I've been checking out all the awesome videos on MTB4Her and really enjoyed the Dirt Divas Friends and Freeride video. What I'd like to do - be like the two ladies leading the charge down the trail, flying over the jumps. What I am - the girl at the end, going around a number of them, LOL. It's so encouraging watching all the ladies out there really killin' it. I've got a long way to go, but it sure inspires me!


----------



## cyclelicious (Oct 7, 2008)

A full face should fit snug but not squish or feel tight. It should also be light weight. Not all FF helmets are the same so it's one of those items wear trying a variety of brands and sizes is best

I have a carbon Giro Remedy but it needs replacement. I like it but I wanted to check out the POC. I tried on a POC at my LBS in the same size as my Giro and you know what ? It fits differently! Now I am not so keen to switch brands


I don't wear a neck brace nor do I wear chest or shoulder armor. (I wear elbow. forearm. and knee/shin pads) its just a personal preference/


----------



## Tone's (Nov 12, 2011)

Im not a chick, but i do have a long platt, if its platted a bit high it makes my FF feel tight, im not sure if you girls have long hair but it has to be tied low thats for sure.
FF fits are funny things, i found a brand that i love the fit, 661 and have stuck with the same brand.
Another thing thats sometimes overlooked is field of vision, some FF have a smaller opening that really prohibits peripheral vision, the 661's have a reall nice size opening thats great.
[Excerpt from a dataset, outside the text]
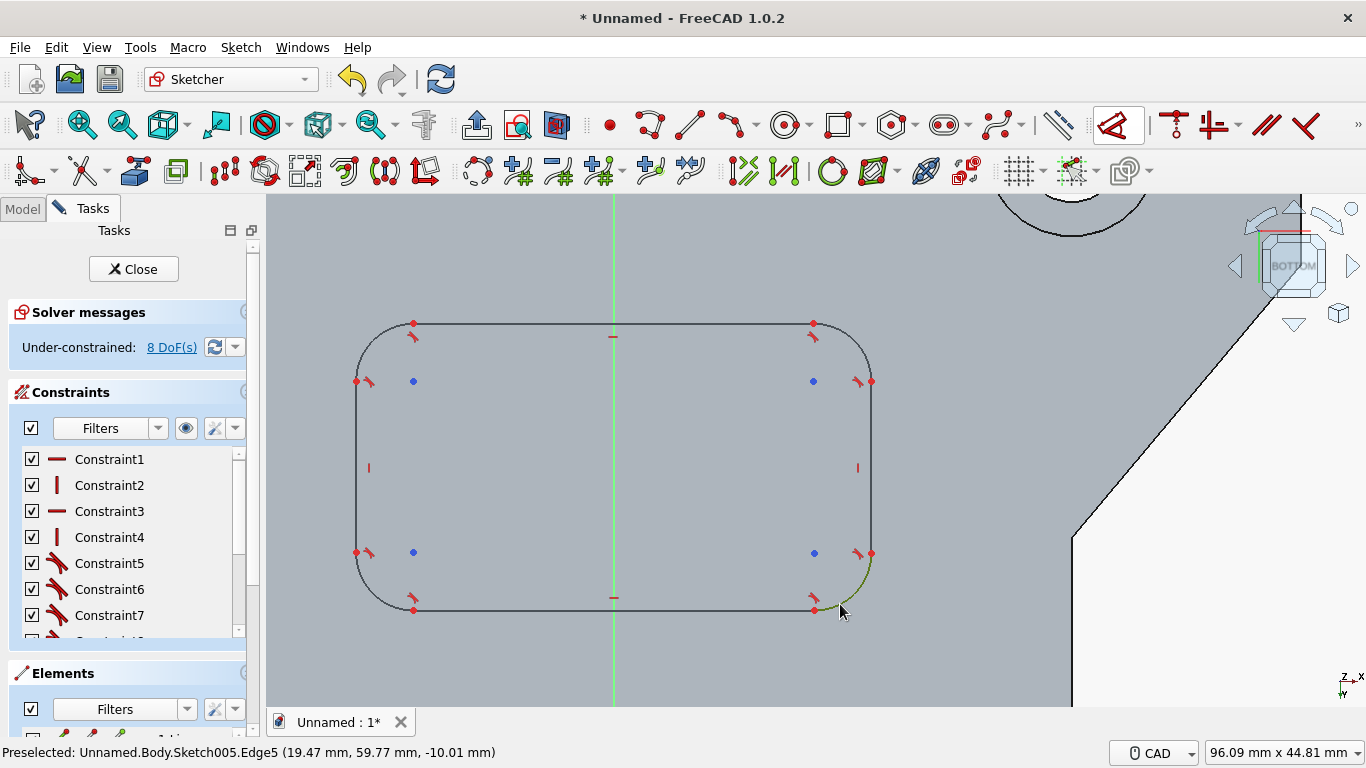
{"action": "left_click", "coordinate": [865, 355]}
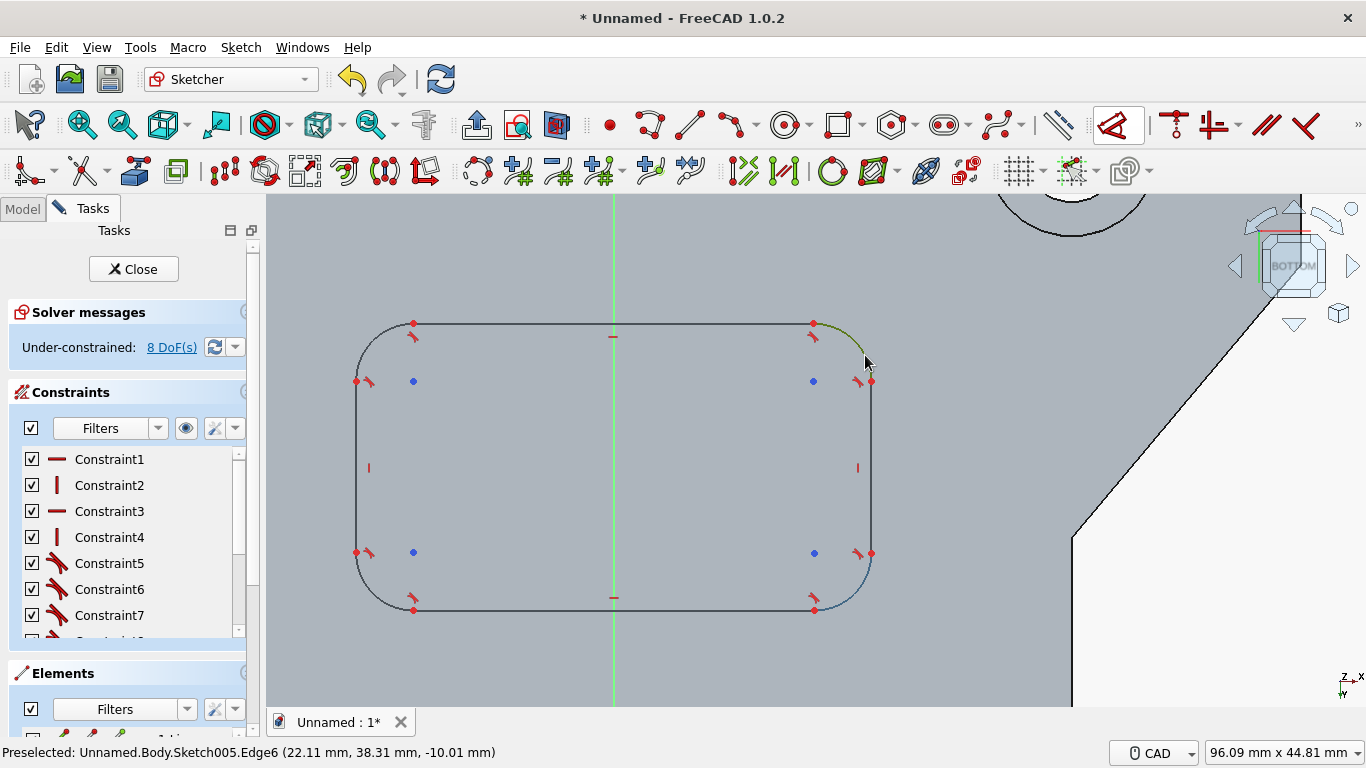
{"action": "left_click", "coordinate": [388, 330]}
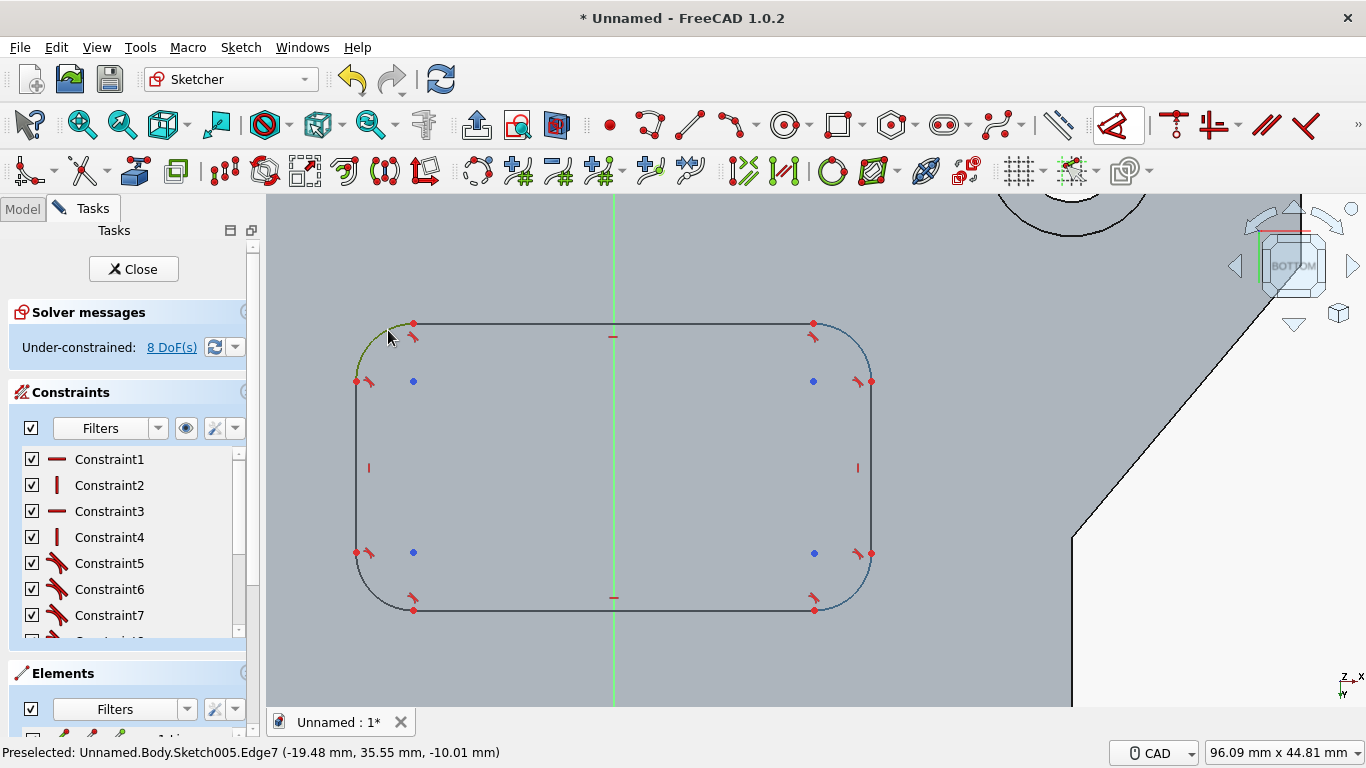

OP, put the helmet on and watch TV in it for an hour, if it gives you a headache or is just too tight, send it back and get the size bigger, you dont want anything thats to tight, you wont be riding in comfort.
But the helmet looks good, would suit a girl very well, cheers


----------



## petey15 (Sep 1, 2006)

I think I figured out why I didn't notice the pink jersey with the camo shorts...the camo blended in !


----------



## petey15 (Sep 1, 2006)

That's a good idea, Tone's - thanks for the suggestion!


----------